-- Supplied data follows --
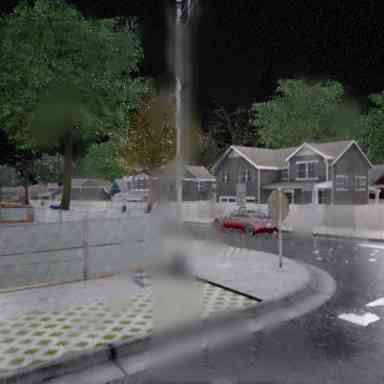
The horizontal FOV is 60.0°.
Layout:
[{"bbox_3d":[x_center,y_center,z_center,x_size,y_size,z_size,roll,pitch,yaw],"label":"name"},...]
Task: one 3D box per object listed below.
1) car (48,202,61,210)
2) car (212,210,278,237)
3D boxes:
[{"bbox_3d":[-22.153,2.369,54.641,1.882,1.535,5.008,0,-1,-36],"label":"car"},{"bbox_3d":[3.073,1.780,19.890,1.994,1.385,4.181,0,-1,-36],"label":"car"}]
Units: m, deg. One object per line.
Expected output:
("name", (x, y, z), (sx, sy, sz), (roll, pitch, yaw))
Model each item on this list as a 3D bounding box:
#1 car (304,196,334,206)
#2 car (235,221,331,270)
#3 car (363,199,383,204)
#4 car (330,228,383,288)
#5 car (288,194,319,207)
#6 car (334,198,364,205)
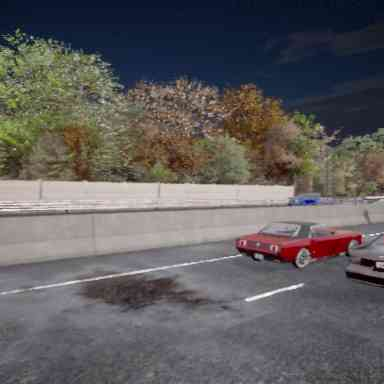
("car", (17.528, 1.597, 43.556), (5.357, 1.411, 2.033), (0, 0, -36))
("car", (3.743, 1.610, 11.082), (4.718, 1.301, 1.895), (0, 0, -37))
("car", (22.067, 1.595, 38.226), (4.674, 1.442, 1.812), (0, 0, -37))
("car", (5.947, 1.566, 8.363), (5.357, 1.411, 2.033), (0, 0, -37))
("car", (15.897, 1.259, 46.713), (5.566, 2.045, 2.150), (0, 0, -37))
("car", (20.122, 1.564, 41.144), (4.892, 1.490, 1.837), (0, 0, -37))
-- Supplied data concluded --
-- Supplied data follows --
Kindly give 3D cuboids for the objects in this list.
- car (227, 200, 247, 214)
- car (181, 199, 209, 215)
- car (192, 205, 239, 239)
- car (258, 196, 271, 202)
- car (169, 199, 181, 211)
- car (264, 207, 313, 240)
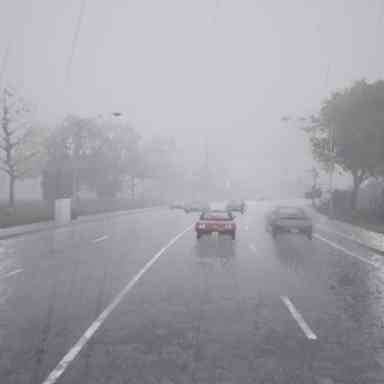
-- Supplied data concluded --
-- Supplied data follows --
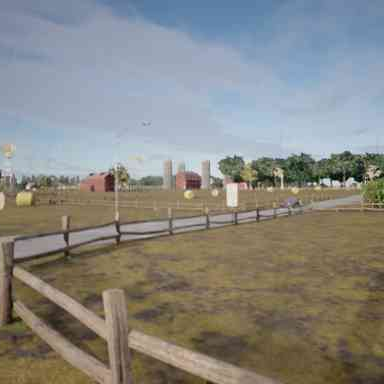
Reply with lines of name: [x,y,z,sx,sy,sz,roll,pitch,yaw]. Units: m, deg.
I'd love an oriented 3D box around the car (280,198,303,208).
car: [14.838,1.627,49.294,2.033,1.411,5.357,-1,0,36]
-- Supplied data concluded --
What needs to be done:
If a line in the material above holds "name", copy it.

Answer to the problem:
[{"bbox_3d":[x_center,y_center,z_center,x_size,y_size,z_size,roll,pitch,yaw],"label":"name"},...]
("name", (x, y, z), (sx, sy, sz), (roll, pitch, yaw))
Reply with lines of name: [x,y,z,sx,sy,sz,roll,pitch,yaw]. Units: m, deg.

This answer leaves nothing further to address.